Ryan drew a breath. He pulled the handgun, steadied his aim, and fired.

Three shots grazed the thing's shoulder and ribs. The fourth punched into its torso, staggering it back a step. Jill closed the gap and put it down clean.

The corridor went quiet. Ryan exhaled, and his thumb moved to the magazine release on reflex. After that many rounds, the mag had to be running low. Standard procedure.

He glanced down.

Full. Every round still seated.

His brain stalled.

What?

He blinked, sure he was seeing things. Casually, making sure Jill wasn't watching, he aimed at an empty stretch of floor and squeezed off one more round.

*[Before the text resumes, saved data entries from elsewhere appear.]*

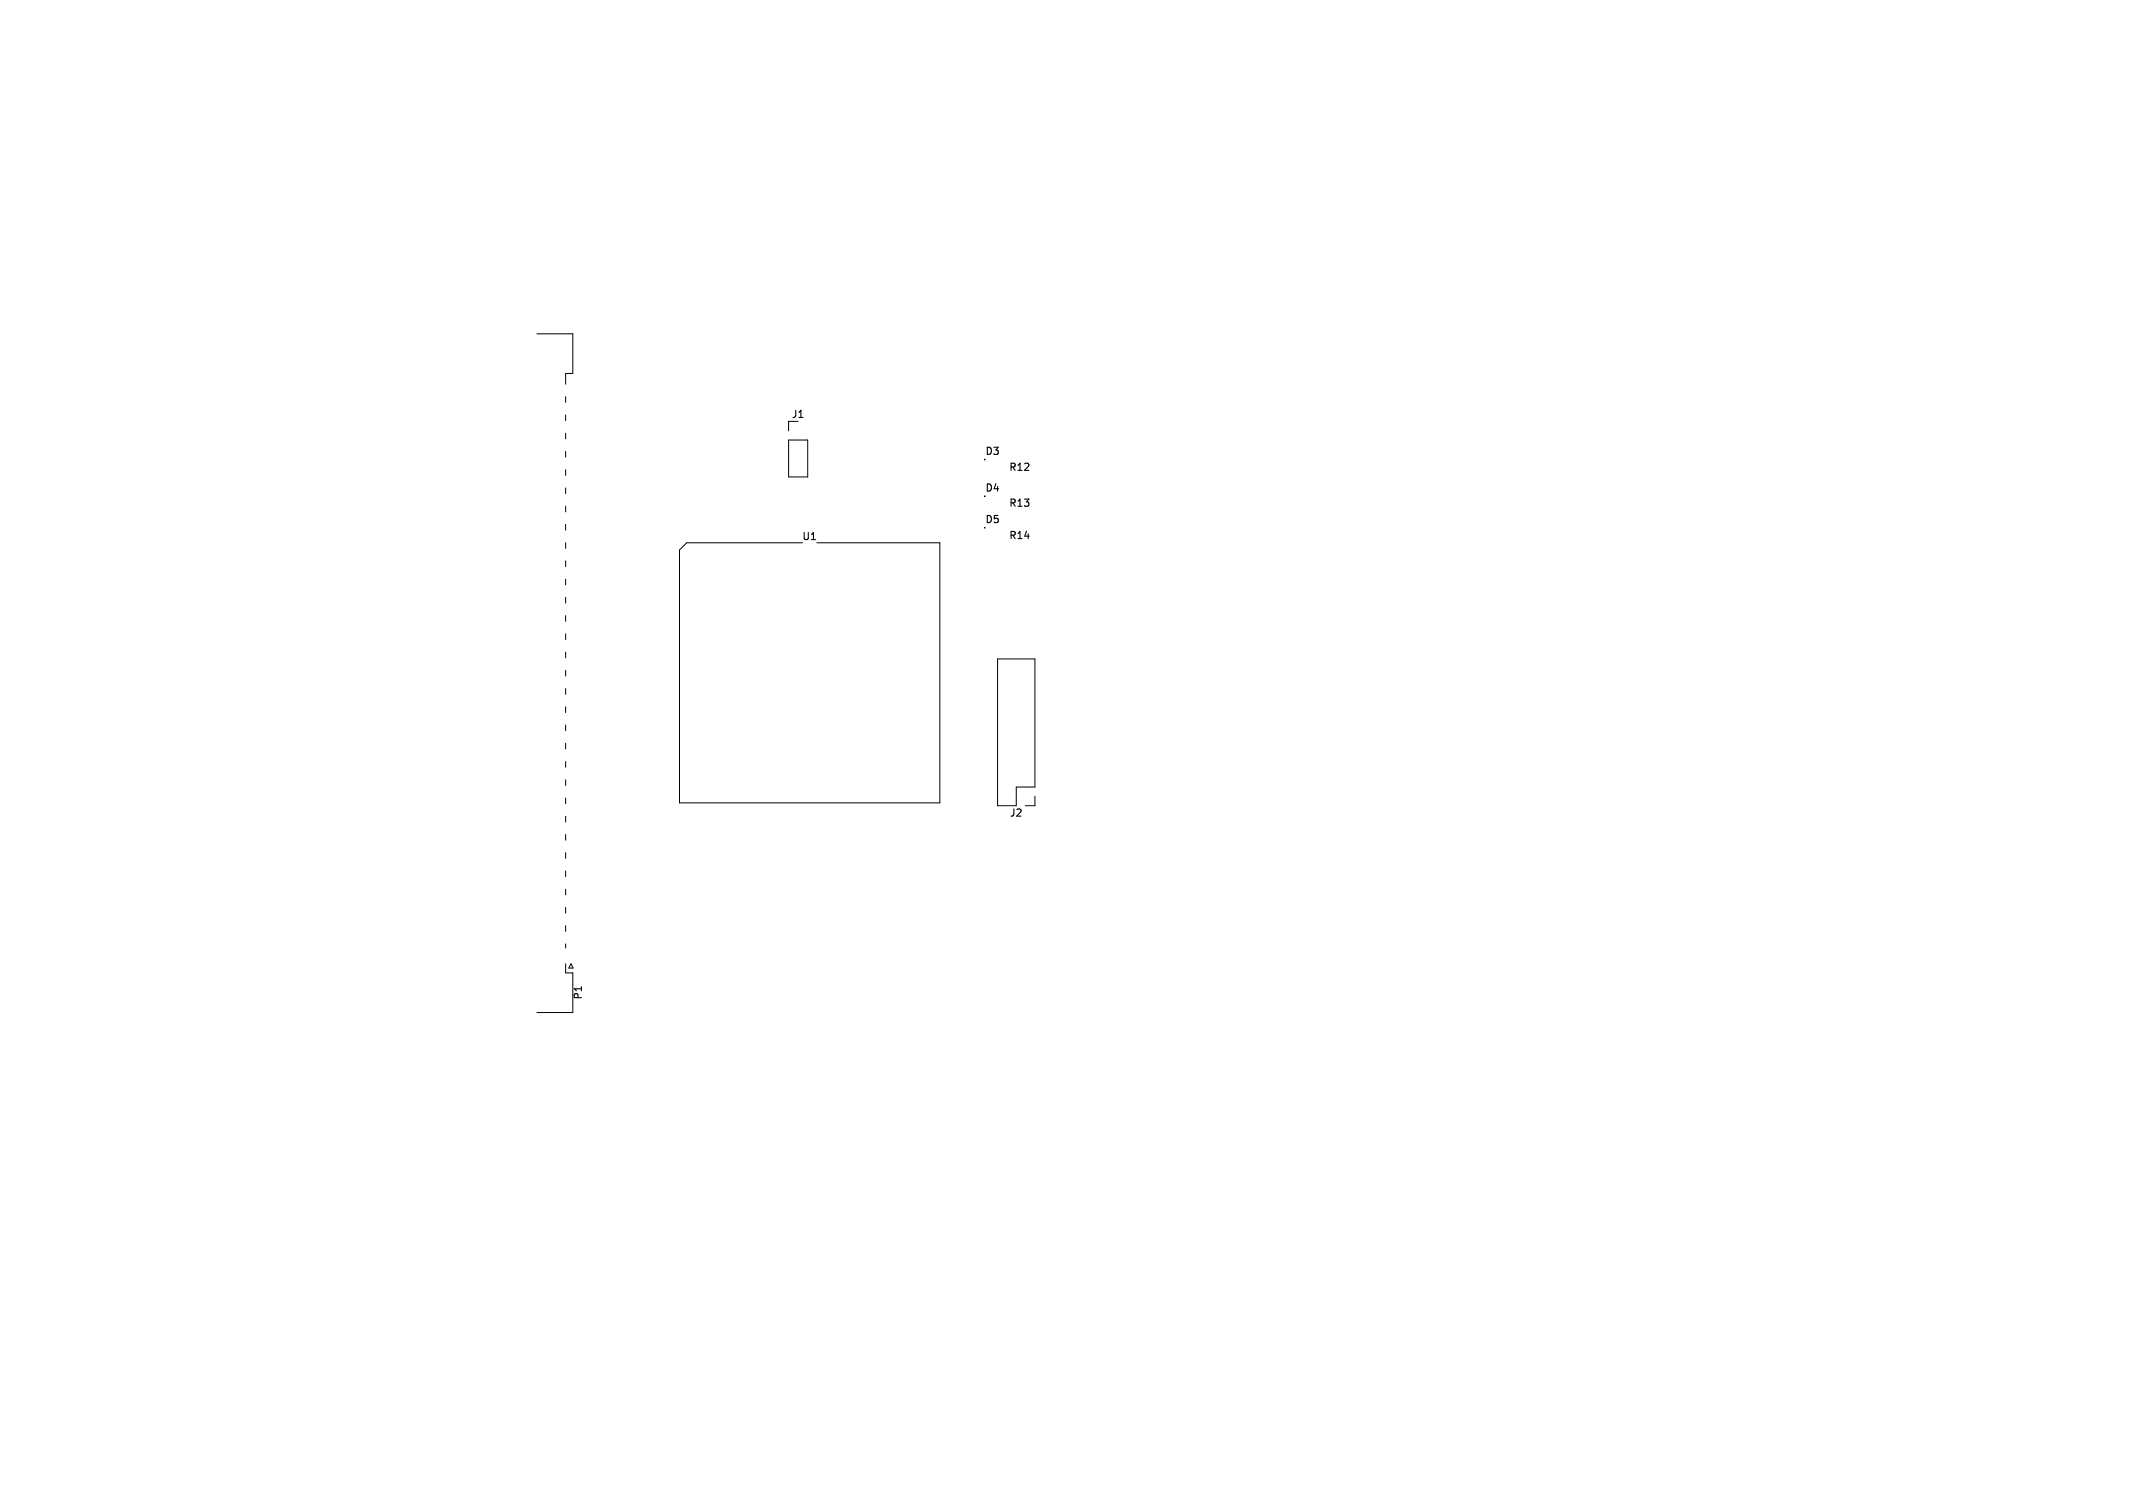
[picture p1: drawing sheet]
<svg xmlns="http://www.w3.org/2000/svg" width="297mm" height="210mm" viewBox="0 0 297 210" stroke-linecap="round" stroke-linejoin="round" font-family="sans-serif">
<defs><g id="words">
<g font-size="1.4">
<text x="110.2" y="58.4">J1</text>
<text x="137.1" y="63.6">D3</text>
<text x="140.4" y="65.8">R12</text>
<text x="137.1" y="68.7">D4</text>
<text x="140.4" y="70.8">R13</text>
<text x="111.6" y="75.4">U1</text>
<text x="137.1" y="73.1">D5</text>
<text x="140.4" y="75.3">R14</text>
<text x="140.5" y="113.9">J2</text>
<text x="81.2" y="139.3" transform="rotate(-90 81.2 139.3)">P1</text>
</g>
</g></defs>
<g fill="none" stroke="#000" stroke-width=".14">
<path d="M74.8 46.5h5v5.5h-1v1.5M78.8 55.2v.8M78.8 57.8v.8M109.8 58.7v1.3M78.8 60.3v.8M78.8 62.9v.8M78.8 65.4v.8M78.8 67.9v.8M78.8 70.5v.8M78.8 73v.8M78.8 75.6v.8M78.8 78.1v.8"/>
<path d="M109.8 61.3h2.7v5.1h-2.7zM111.7 75.6h-16.1l-1 1v35.2h36.3v-36.2h-17.2M78.8 80.6v.8M78.8 83.2v.8M78.8 85.7v.8M78.8 88.3v.8M78.8 90.8v.8M78.8 93.3v.8M78.8 95.9v.8M78.8 98.4v.8M138.9 91.8h5.2v17.8h-2.6v2.6h-2.6zM78.8 101v.8"/>
<path d="M78.8 103.5v.8M78.8 106v.8M78.8 108.6v.8M78.8 111.1v.8M78.8 113.7v.8M78.8 116.2v.8M78.8 118.7v.8M144.1 110.9v1.3h-1.3M78.8 134.2v1.3h1v5.5h-5M78.8 121.3v.8M78.8 123.8v.8M78.8 126.4v.8"/>
<path d="M78.8 128.9v.8M78.8 131.4v.6M79.5 134.2l.3 .6h-.6z"/>
<circle cx="137.1" cy="69.1" r=".05"/>
</g>
<use href="#words"/>
</svg>

The shot echoed. He checked again.

Still full.

His face didn't move. Not a twitch. Inside, he almost choked on a laugh. So that's what the chime was. Infinite ammo. He'd been standing here like an idiot, carefully lining up every shot, rationing bullets like they were made of gold, and the whole time the game had handed him a magazine that never emptied. If he'd known five minutes ago, he'd have just hosed the thing down.

Jill noticed him standing still and read it as post-combat jitters. "Relax," she said. "You've got solid fundamentals."

"Mm." Ryan kept his voice even, his expression steady.

Inside, he was grinning ear to ear. Right. This changes everything. My aim's nothing special? Who cares. I have infinite bullets.

They worked their way along the second-floor corridor, clearing rooms as they went. In one that showed no signs of intrusion, they found spare ammunition, a first-aid spray, and an Armor Key resting on a desk.

"West wing doors." Jill pocketed the key, some of the tension leaving her shoulders. "Now we can get through."

Ryan eyed the fork in the hallway ahead. "Leave the doors on the right for now. Play it safe. There's movement up ahead. We'll loop around through the west wing balcony instead."

"Okay." Jill nodded. "Your call."

In a mansion where death could be waiting behind any door, suspicion was a luxury. Staying alive came first.

And Ryan knew, with a certainty he shared with no one, that the moment he'd pulled that trigger and watched the magazine stay full, his odds of survival had gotten a whole lot better.

They crept past the danger, following the path the Armor Key opened, pushing deeper into the second floor's west wing. Not far ahead, the door to the balcony waited.